Evaluating Performance of a Brayton Cycle with Irreversibilities
Reconsider Example 9.4, but include in the analysis that the turbine and compressor each have an isentropic efficiency of 80%. Determine for the modified cycle (a) the thermal efficiency of the cycle, (b) the back work ratio, (c) the net power developed, in kW.
Known An air-standard Brayton cycle operates with given compressor inlet conditions, given turbine inlet temperature, and known compressor pressure ratio. The compressor and turbine each have an isentropic efficiency of 80%.
Find Determine the thermal efficiency, the back work ratio, and the net power developed, in kW.
Schematic and Given Data:
Engineering Model
1. Each component is analyzed as a control volume at steady state.
2. The compressor and turbine are adiabatic.
3. There are no pressure drops for flow through the heat exchangers.
4. Kinetic and potential energy effects are negligible.
5. The working fluid is air modeled as an ideal gas.
Analysis
a. The thermal efficiency is given by
\eta=\frac{\left(\dot{W}_{ t } / \dot{m}\right)-\left(\dot{W}_{ c } / \dot{m}\right)}{\dot{Q}_{\text {in }} / \dot{m}}
The work terms in the numerator of this expression are evaluated using the given values of the compressor and turbine isentropic efficiencies as follows:
The turbine work per unit of mass is
\frac{\dot{W}_{ t }}{\dot{m}}=\eta_{ t }\left(\frac{\dot{W}_{ t }}{\dot{m}}\right)_{ s }
where \eta_{ t } is the turbine efficiency. The value of \left(\dot{W}_{ t } / \dot{m}\right)_{ s } is determined in the solution to Example 9.4 as 706.9 kJ/kg. Thus,
1 \frac{\dot{W}_{ t }}{\dot{m}}=0.8(706.9)=565.5 kJ / kg
For the compressor, the work per unit of mass is
\frac{\dot{W}_{ c }}{\dot{m}}=\frac{\left(\dot{W}_{ c } / \dot{m}\right)_{ s }}{\eta_{ c }}
where \eta_{ c } is the compressor efficiency. The value of \left(\dot{W}_{ c } / \dot{m}\right)_{ s } is determined in the solution to Example 9.4 as 279.7 kJ/kg, so
\frac{\dot{W}_{ c }}{\dot{m}}=\frac{279.7}{0.8}=349.6 kJ / kg
The specific enthalpy at the compressor exit, h_{2}, is required to evaluate the denominator of the thermal efficiency expression. This enthalpy can be determined by solving
\frac{\dot{W}_{ c }}{\dot{m}}=h_{2}-h_{1}
to obtain
h_{2}=h_{1}+\dot{W}_{ c } / \dot{m}
Inserting known values
h_{2}=300.19+349.6=649.8 kJ / kg
The heat transfer to the working fluid per unit of mass flow is then
\frac{\dot{Q}_{\text {in }}}{\dot{m}}=h_{3}-h_{2}=1515.4-649.8=865.6 kJ / kg
where h_{3} is from the solution to Example 9.4.

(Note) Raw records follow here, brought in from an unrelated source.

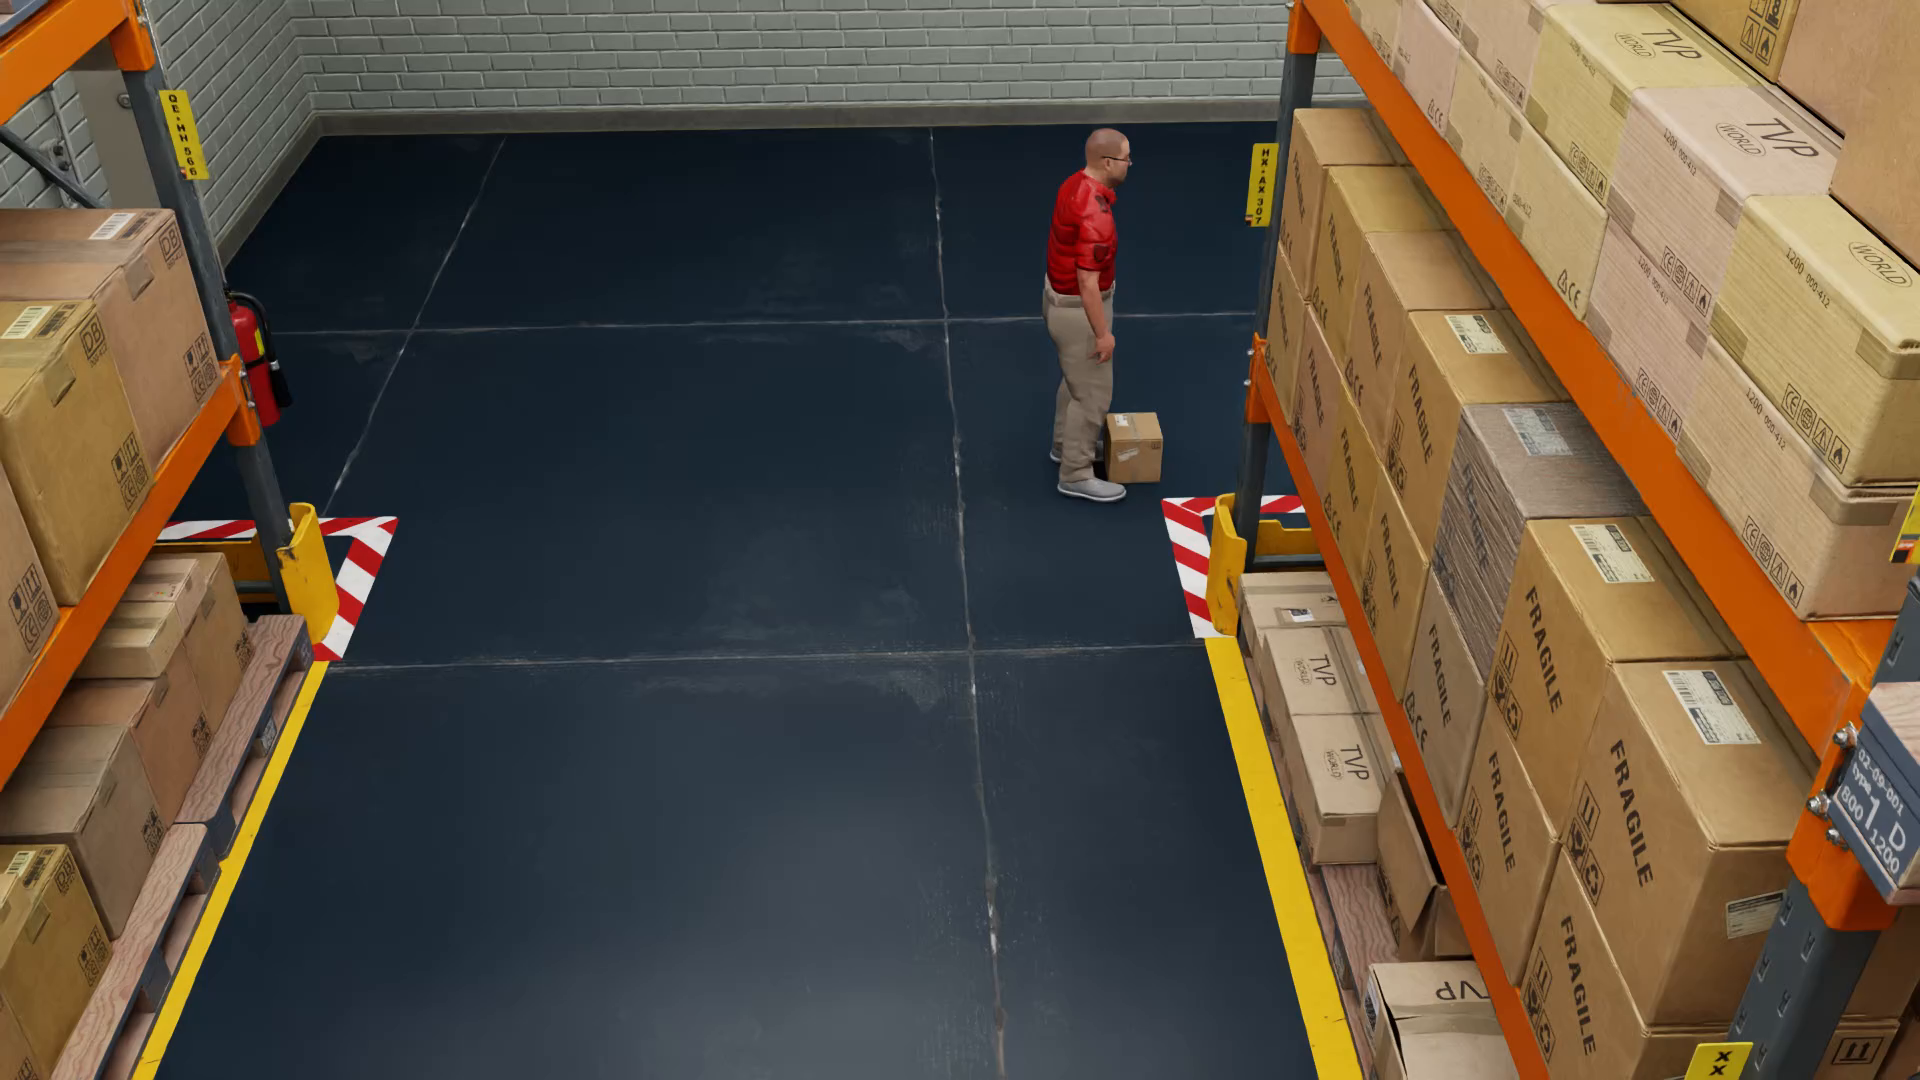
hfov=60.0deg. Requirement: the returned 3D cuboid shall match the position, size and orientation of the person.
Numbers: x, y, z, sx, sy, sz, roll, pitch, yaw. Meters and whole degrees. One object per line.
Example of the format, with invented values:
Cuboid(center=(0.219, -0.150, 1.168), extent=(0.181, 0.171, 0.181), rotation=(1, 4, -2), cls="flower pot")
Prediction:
Cuboid(center=(0.586, -1.047, 7.651), extent=(0.396, 1.727, 0.606), rotation=(-3, 35, -5), cls="person")

Finally, the thermal efficiency is
\eta=\frac{565.5-349.6}{865.6}=0.249(24.9 \%)
b. The back work ratio is
bwr =\frac{\dot{W}_{ c } / \dot{m}}{\dot{ W }_{ t } / \dot{m}}=\frac{349.6}{565.5}=0.618(61.8 \%)

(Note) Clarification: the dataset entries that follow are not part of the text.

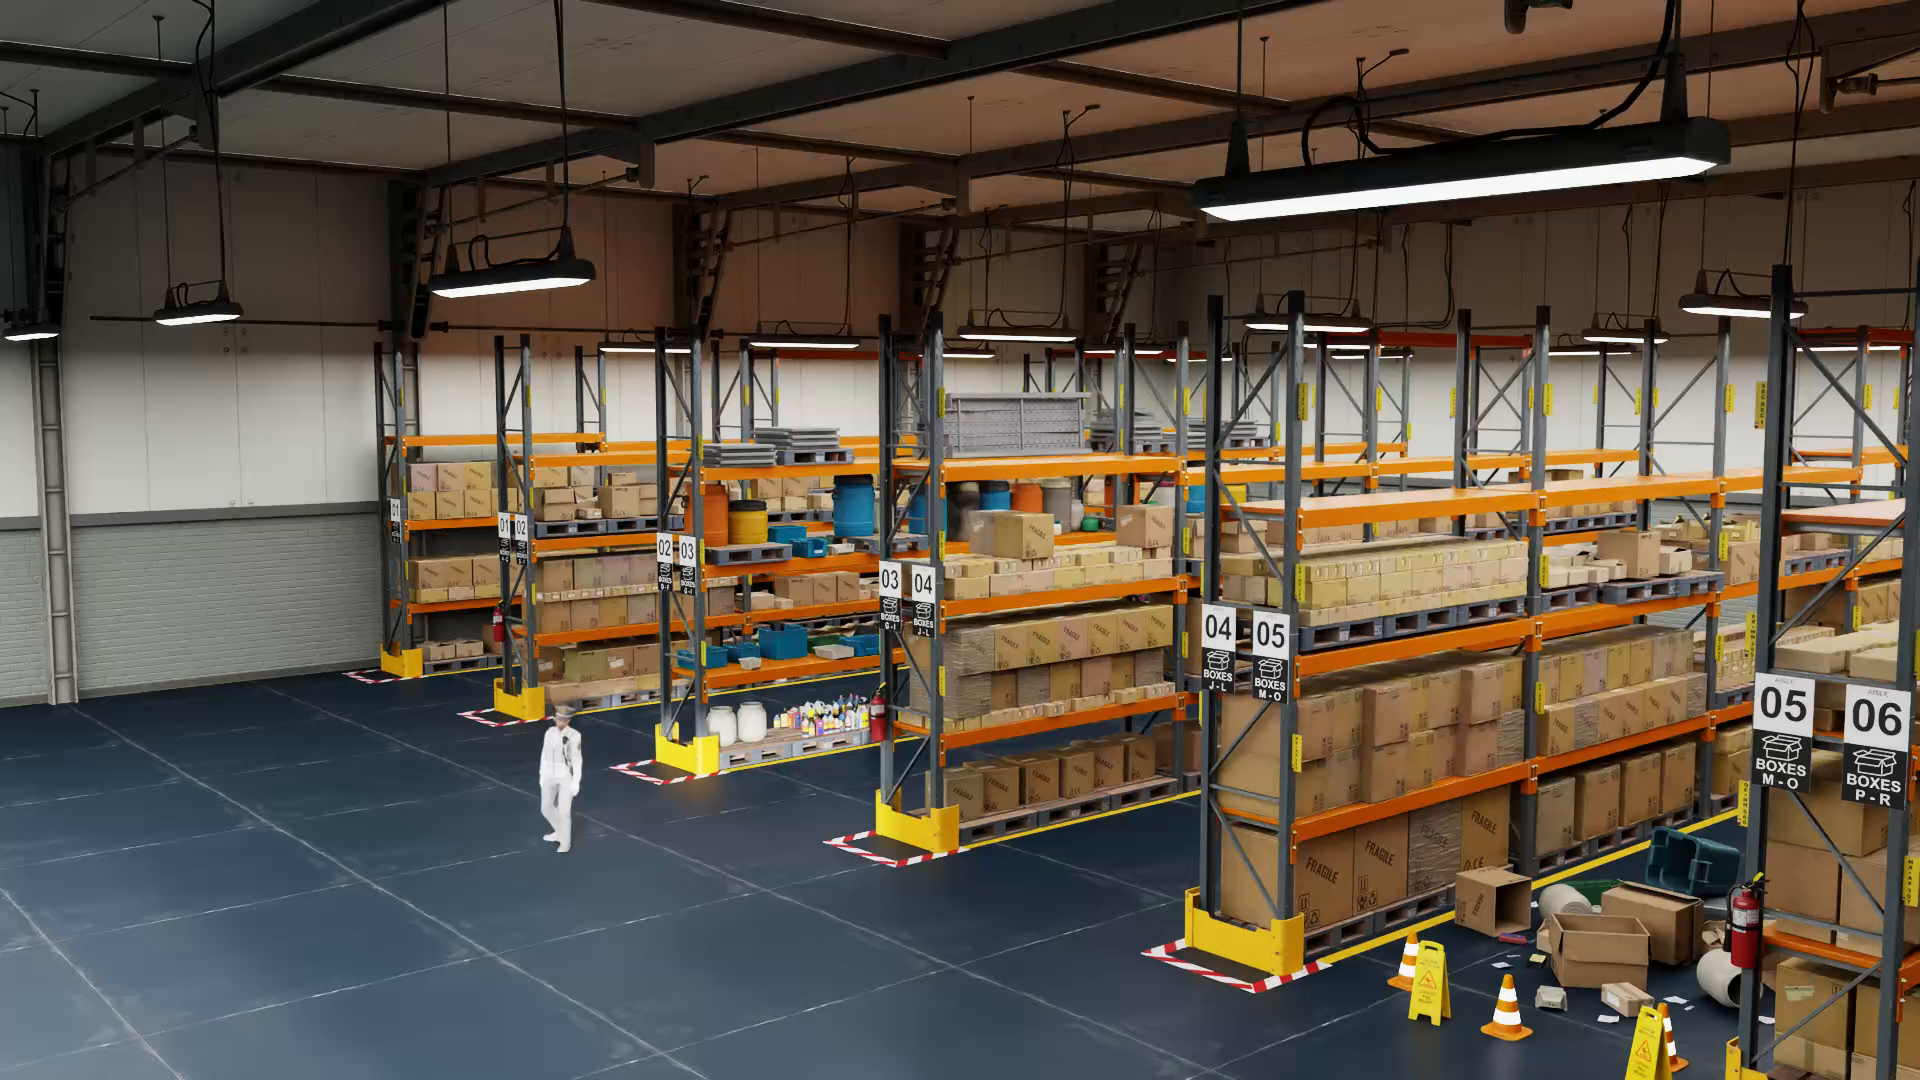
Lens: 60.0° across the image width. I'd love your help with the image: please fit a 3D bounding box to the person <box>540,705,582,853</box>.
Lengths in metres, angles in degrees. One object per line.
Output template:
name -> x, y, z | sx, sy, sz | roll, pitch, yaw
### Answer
person -> -4.468, 2.651, 18.621 | 0.591, 1.649, 0.476 | 2, 5, 19
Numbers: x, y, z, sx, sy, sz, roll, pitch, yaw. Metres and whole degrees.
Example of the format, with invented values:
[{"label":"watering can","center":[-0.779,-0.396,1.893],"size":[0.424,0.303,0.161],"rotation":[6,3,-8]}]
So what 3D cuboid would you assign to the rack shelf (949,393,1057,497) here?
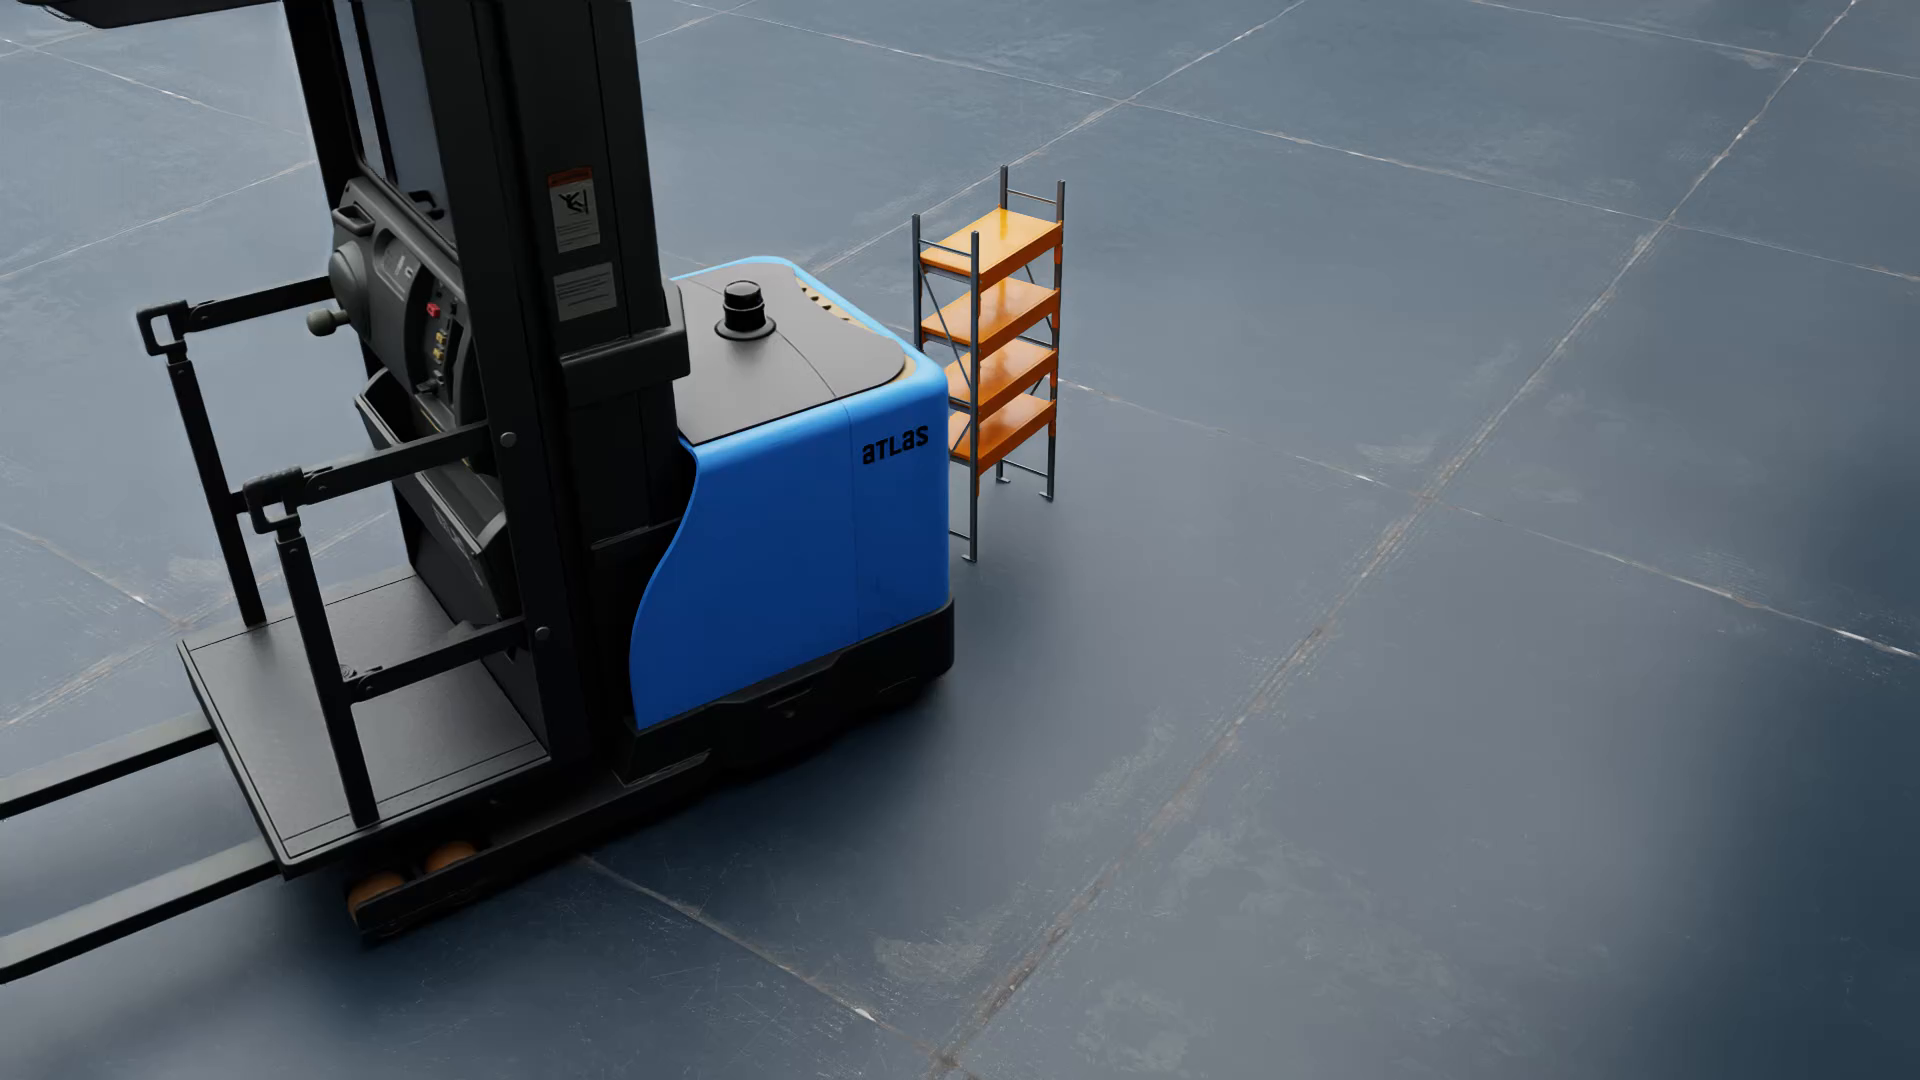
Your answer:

c. The mass flow rate is the same as in Example 9.4. The net power developed by the cycle is then
2 \dot{W}_{\text {cycle }}=\left(5.807 \frac{ kg }{ s }\right)(565.5-349.6) \frac{ kJ }{ kg }\left|\frac{1 kW }{1 kJ / s }\right|=1254 kW
1 The solution to this example on a cold air-standard basis is left as an exercise.
2 Irreversibilities within the turbine and compressor have a significant impact on the performance of gas turbines. This is brought out by comparing the results of the present example with those of Example 9.4. Irreversibilities result in an increase in the work of compression and a reduction in work output of the turbine. The back work ratio is greatly increased and the thermal efficiency significantly decreased. Still, we should recognize that the most significant irreversibility of gas turbines by far is combustion irreversibility.
Skills Developed
Ability to…
• sketch the schematic of the basic air-standard gas turbine and the T–s diagram for the corresponding Brayton cycle with compressor and turbine irreversibilities.
• evaluate temperatures and pressures at each principal state and retrieve necessary property data.
• calculate the thermal efficiency and back work ratio.
Quick Quiz
What would be the thermal efficiency and back work ratio if the isentropic turbine efficiency were 70% keeping isentropic compressor efficiency and other given data the same? Ans. η = 16.8%, bwr = 70.65%.